*** Available data ***

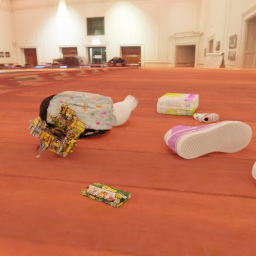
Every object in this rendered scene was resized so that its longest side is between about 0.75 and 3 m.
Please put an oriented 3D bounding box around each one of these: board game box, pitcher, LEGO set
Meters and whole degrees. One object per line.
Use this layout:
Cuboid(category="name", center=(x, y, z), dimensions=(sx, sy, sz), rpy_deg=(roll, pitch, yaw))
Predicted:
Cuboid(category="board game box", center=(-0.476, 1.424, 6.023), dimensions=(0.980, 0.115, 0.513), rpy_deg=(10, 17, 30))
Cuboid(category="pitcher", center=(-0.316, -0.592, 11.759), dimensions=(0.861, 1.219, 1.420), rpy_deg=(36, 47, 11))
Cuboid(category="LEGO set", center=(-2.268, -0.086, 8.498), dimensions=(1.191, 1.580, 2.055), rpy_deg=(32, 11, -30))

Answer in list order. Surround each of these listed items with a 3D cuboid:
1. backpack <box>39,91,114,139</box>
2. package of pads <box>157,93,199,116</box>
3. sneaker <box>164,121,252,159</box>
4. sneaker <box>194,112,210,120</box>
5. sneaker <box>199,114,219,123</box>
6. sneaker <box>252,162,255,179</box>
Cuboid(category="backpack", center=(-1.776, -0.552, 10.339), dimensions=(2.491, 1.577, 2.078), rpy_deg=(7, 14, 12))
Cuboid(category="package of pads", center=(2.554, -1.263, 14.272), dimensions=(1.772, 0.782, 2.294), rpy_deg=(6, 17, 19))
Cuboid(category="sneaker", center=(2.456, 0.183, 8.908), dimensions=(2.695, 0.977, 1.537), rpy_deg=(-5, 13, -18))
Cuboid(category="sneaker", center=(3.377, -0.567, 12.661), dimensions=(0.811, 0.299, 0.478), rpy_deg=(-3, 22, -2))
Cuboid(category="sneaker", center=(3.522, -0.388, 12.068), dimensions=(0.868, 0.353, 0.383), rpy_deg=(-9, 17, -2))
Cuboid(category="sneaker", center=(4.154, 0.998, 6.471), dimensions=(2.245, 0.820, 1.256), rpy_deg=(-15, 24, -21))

***
*** Available data ***

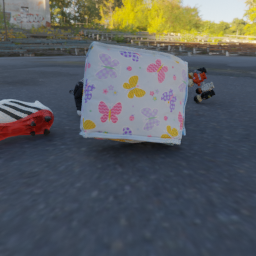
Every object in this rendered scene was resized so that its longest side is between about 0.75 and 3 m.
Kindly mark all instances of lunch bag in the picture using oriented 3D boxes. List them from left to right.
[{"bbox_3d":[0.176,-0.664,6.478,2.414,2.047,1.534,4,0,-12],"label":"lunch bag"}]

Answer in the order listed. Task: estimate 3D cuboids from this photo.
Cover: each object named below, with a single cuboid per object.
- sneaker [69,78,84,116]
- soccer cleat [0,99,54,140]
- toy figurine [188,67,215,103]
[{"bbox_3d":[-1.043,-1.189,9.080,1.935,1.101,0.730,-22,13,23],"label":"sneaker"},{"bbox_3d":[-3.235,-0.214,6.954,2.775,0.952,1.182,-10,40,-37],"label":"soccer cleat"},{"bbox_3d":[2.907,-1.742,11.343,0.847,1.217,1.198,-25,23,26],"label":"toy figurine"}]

***

How many lines of the entries contain "order"? Answer with a number alone.

> [Answer to the problem] 2